# SUPPLIED INFORMATION:
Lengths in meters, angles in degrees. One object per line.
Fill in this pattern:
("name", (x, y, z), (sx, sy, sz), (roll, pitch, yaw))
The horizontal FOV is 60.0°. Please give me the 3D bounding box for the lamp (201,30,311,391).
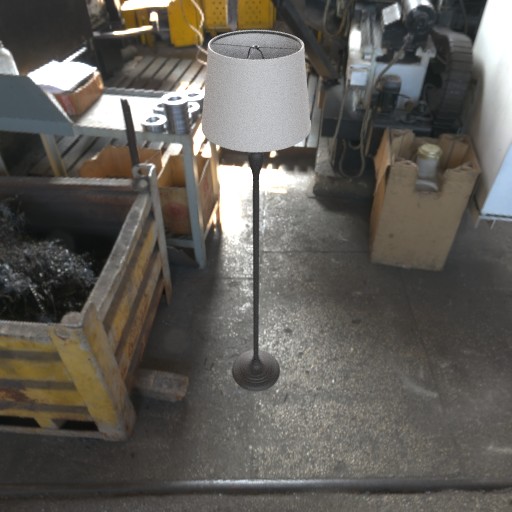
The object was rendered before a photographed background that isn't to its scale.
("lamp", (0.000, 0.000, 1.674), (0.327, 1.506, 0.327), (-24, 47, -24))
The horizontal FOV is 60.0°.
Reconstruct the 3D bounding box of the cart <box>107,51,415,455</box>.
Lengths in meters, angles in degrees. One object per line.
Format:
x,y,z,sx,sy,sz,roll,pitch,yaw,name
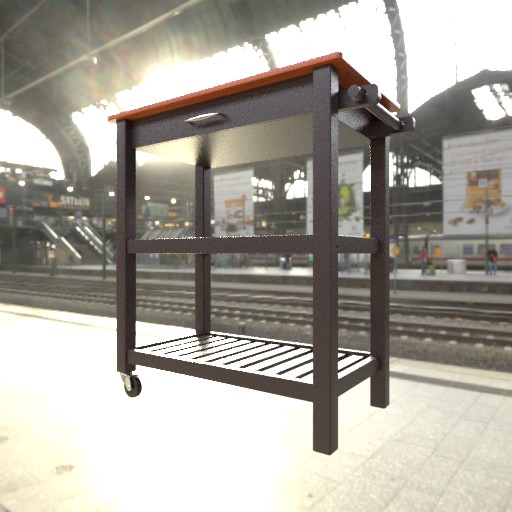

# TASK INSTRUCTIONS:
Return nothing but the lines from the start of the listing above through the line containing "The horizontal FOV is 60.0°. Please", exactly as given.

# RESPONSE TO THE TASK:
Lengths in meters, angles in degrees. One object per line.
Fill in this pattern:
("name", (x, y, z), (sx, sy, sz), (roll, pitch, yaw))
The horizontal FOV is 60.0°. Please give me the 3D bounding box for the lamp (201,30,311,391).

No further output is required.